The woman went very still. Her red eyes fixed on the finger pointing to his neck, tracked the line from his hand to the exposed skin. Several seconds passed without movement from either of them. The only sound was the distant hum of a streetlight and their breathing visible in the cold air.
She shifted closer on the bench, the movement slow and deliberate. The space between them decreased. Her body angled toward him, shoulders turning.
“You understand what this is.” Her voice came out quiet, almost uncertain. “What I’ll take from you. Not just blood—the violation, the trauma, all of it. And you’re still offering.” She paused, her eyes searching his profile. “I don’t know if that makes you the most compassionate person I’ve met in forty years or the most self-destructive. Maybe both.”
Her hand lifted from her knee, reaching up slowly. She gave him time before her palm settled gently on his opposite shoulder. The contact steadied him, anchored him in place on the stone bench.
“This is going to hurt,” she said. “And you’re going to remember it. And I’m…” Her voice caught slightly. “I’m sorry that this is what I am.”
She leaned in. Her mouth opened, revealing elongated canines that caught the amber streetlight. Her head tilted, angling toward the spot where his finger had pointed. Then her fangs sank into his flesh.

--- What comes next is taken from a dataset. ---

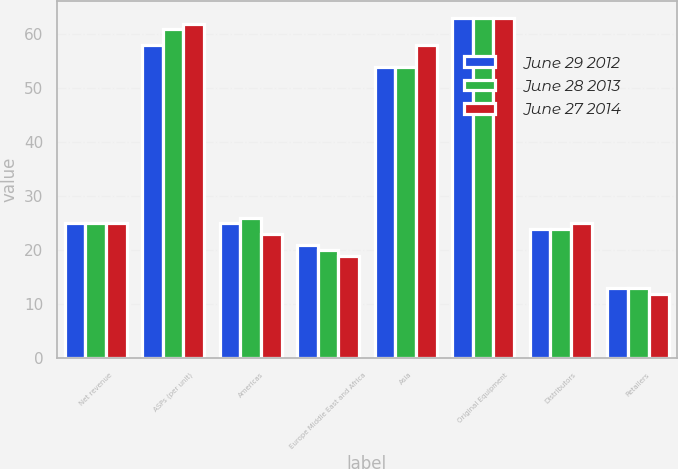Convert chart. <chart><loc_0><loc_0><loc_500><loc_500><stacked_bar_chart><ecel><fcel>Net revenue<fcel>ASPs (per unit)<fcel>Americas<fcel>Europe Middle East and Africa<fcel>Asia<fcel>Original Equipment<fcel>Distributors<fcel>Retailers<nl><fcel>June 29 2012<fcel>25<fcel>58<fcel>25<fcel>21<fcel>54<fcel>63<fcel>24<fcel>13<nl><fcel>June 28 2013<fcel>25<fcel>61<fcel>26<fcel>20<fcel>54<fcel>63<fcel>24<fcel>13<nl><fcel>June 27 2014<fcel>25<fcel>62<fcel>23<fcel>19<fcel>58<fcel>63<fcel>25<fcel>12<nl></chart>

His body jerked—a sharp inhale, a gasp that broke the quiet of the empty park. A tremor ran through him, visible in the way his shoulders shook, the way his free hand clenched against his thigh. But he remained seated, didn’t pull away, didn’t fight. His head tilted further to the side, exposing more of his neck to her mouth.
The ragged quality of his voice vibrated against her fangs, the words formed through controlled breaths.
“One of your kind got me a year ago,” he said. The tremor continued through his frame, small shakes that traveled from his shoulders down to his hands. “Just as I was walking home from one of my night outings to figure out if I was still alive.” He exhaled shakily. “Then he or she abandoned me on the grass with a burning wound in my neck.” Another breath, catching slightly. “And as I lay there, I thought, ‘They should have fucking drained me.'”
The woman’s hand tightened slightly on his shoulder. Her other hand came up to brace against his upper arm, steadying both him and herself. She remained there, feeding, her mouth pressed against the wound in his neck. The movement was slow, controlled, despite the visible tension in her shoulders. Her breath came in measured intervals between draws. The young man’s tremors persisted, traveling through his frame where her hands braced him.
Her voice emerged muffled against his skin, trembling slightly around the words.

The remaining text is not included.